Washington, D.C. – More than one-third of all medium and heavy duty commercial trucks registered in the United States – 2.9 million of 8.8 million trucks - are now equipped with newer technology clean diesel engines, according to new data compiled by IHS Automotive for the Diesel Technology Forum (DTF).

The new data includes total registration information on Class 3-8 trucks from 2007 through 2013 in all 50 states and the District of Columbia. Beginning in 2007, all heavy duty diesel trucks sold had to meet particulate emissions levels of no more than 0.01 grams per brake horse-power hour (g/HP-hr) - a level near zero.

"Because more than 95 percent of all heavy duty trucks are diesel-powered it is significant that more than one-third of these trucks are near zero emission vehicles," said Allen Schaeffer, the Executive Director of the Diesel Technology Forum. "Diesel trucks are literally the driving force behind goods movement in the U.S. and worldwide economies so the fact that the clean diesel fleet is increasing is good news for improved fuel efficiency and the environment. These new trucks are so clean that it now takes more than 60 of today's clean diesel trucks to equal the emissions from a single 1988 truck.

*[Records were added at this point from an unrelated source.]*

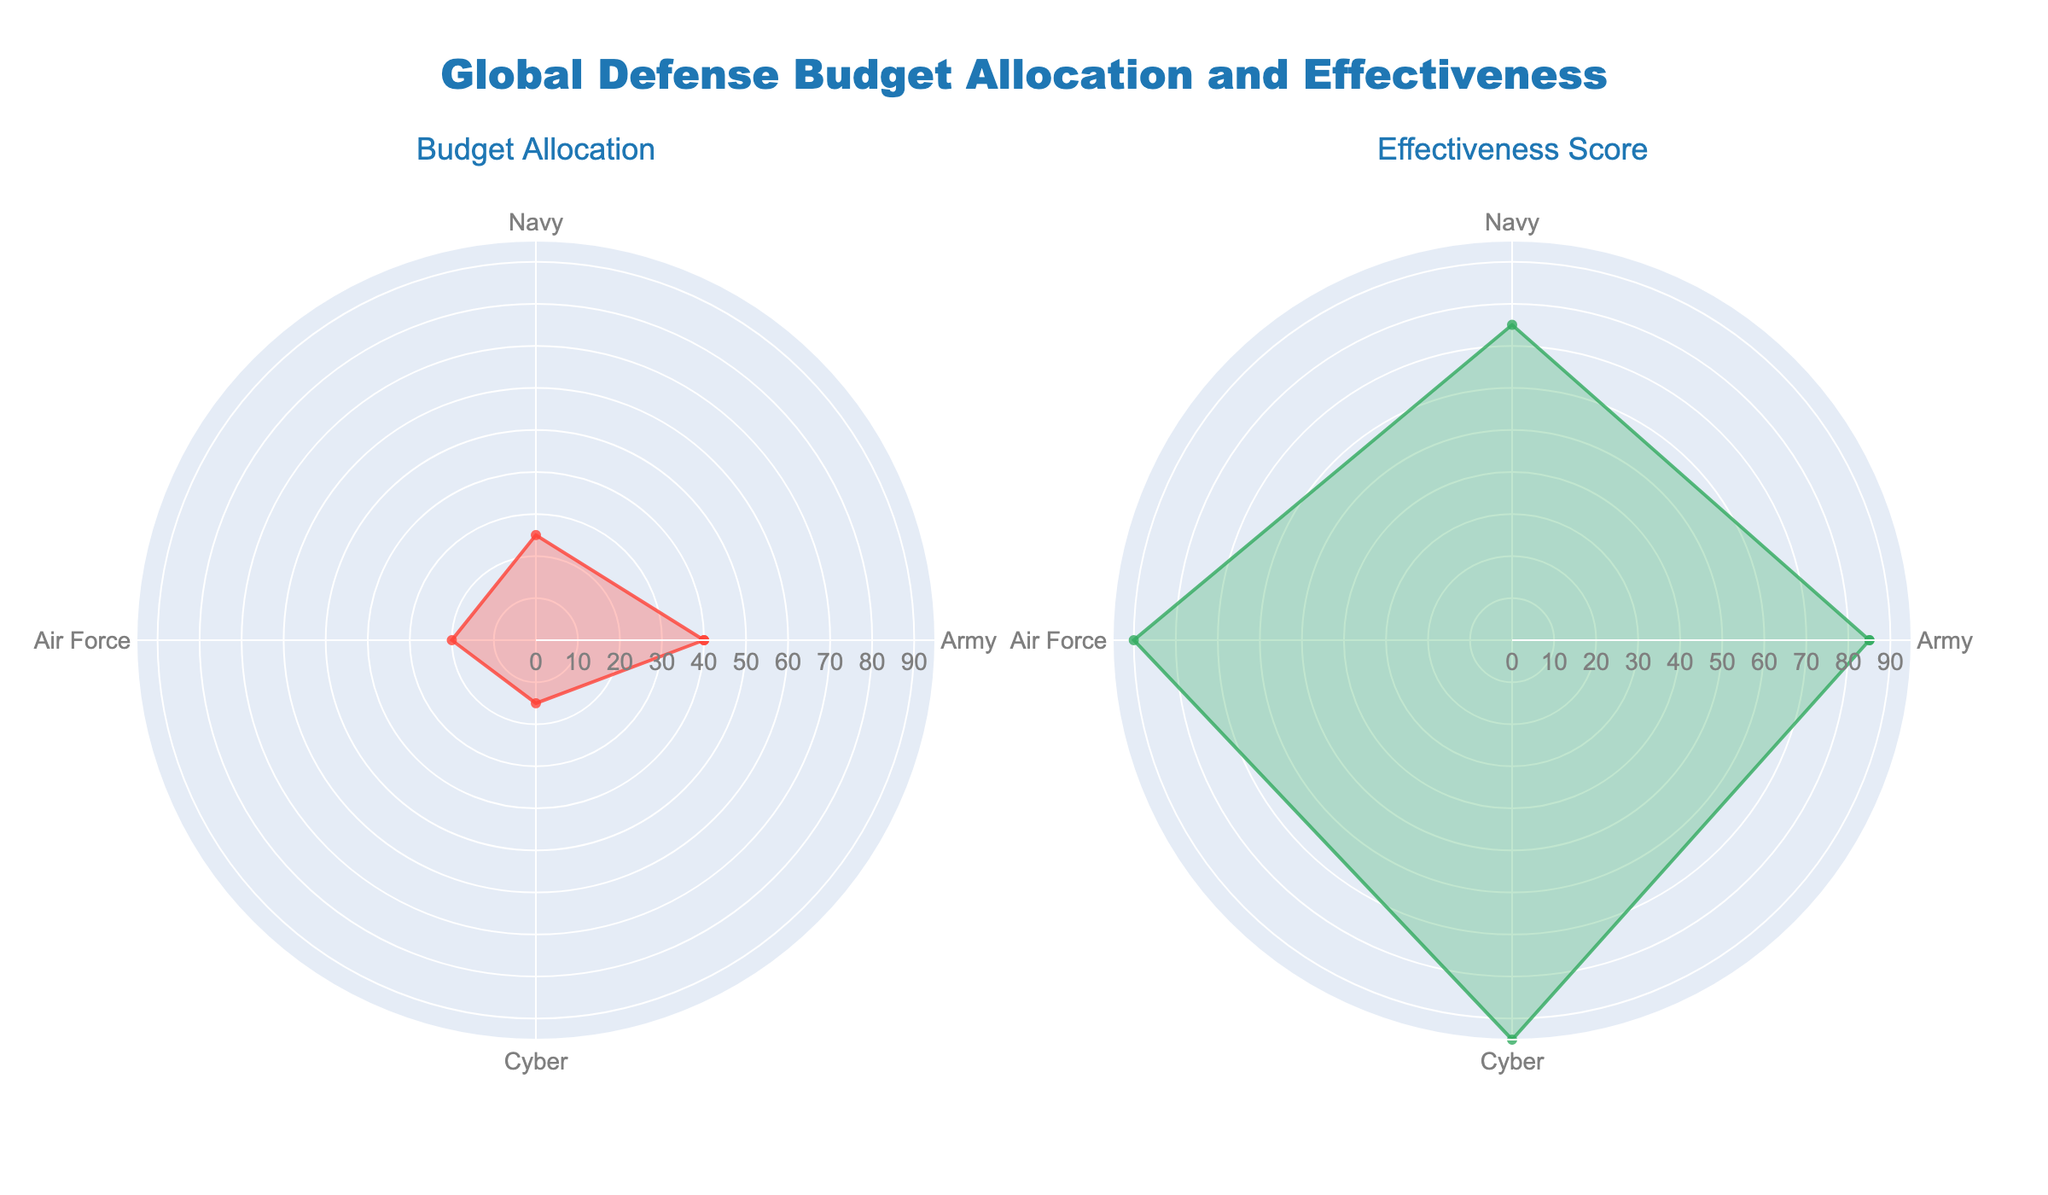What's the title of the figure? The title is prominently displayed at the top center of the figure. It reads "Global Defense Budget Allocation and Effectiveness".
Answer: Global Defense Budget Allocation and Effectiveness Which branch has the lowest budget allocation? The radial plot for budget allocation shows that the Cyber branch has the smallest area, indicating the lowest allocation percentage.
Answer: Cyber Which branch scores the highest in effectiveness? The radar chart for effectiveness scores shows that the Cyber branch reaches the highest point on the radial axis.
Answer: Cyber What is the budget allocation percentage for the Air Force? By examining the radial plot for budget allocation, the Air Force percentage extends to the 20% mark.
Answer: 20% How much higher is the effectiveness score of the Cyber branch compared to the Army? The effectiveness score for Cyber is 95, and for the Army, it is 85. The difference is calculated as 95 - 85.
Answer: 10 Which branch shows the most significant gap between budget allocation and effectiveness score? Observing both subplots, Cyber shows a significant gap, with 15% allocation and 95 effectiveness.
Answer: Cyber What's the average budget allocation among all branches? Sum the percentages (40+25+20+15 = 100) and divide by 4 (number of branches). The average allocation is 100/4.
Answer: 25% In which subplot does the Army branch have the highest relative value? Comparing both plots, the Army branch visual representation in the budget allocation plot (40%) is higher than in the effectiveness plot (85).
Answer: Budget Allocation Which branch's effectiveness is closest to its budget allocation? The difference between budget and effectiveness for each branch is observed. The Navy has a 25% allocation and 75 effectiveness, yielding the smallest difference (50).
Answer: Navy

"Last year was the fifth consecutive year of increased penetration of the new clean diesel trucks in the fleet, reflecting the continuing confidence that American truckers have in the performance and fuel efficiency improvements of new technology diesel engines," Schaeffer said.

For more information about clean diesel trucks go to:


U.S. Clean Diesel Truck Growth by Year

2007 2008 2009 2010 2011 2012 2013
Percentage New Diesel Trucks 9.4% 13.9% 16.9% 20.1% 24.1% 28.6% 33.5%
Percentage Annual Increase -- +4.5% +3.0% +3.2% +4.0% +4.5% +4.9%
(Source: IHS Automotive, June 2014 for the Diesel Technology Forum)

2007 & Newer Diesel Truck Technology Are a True Environmental Success Story . . .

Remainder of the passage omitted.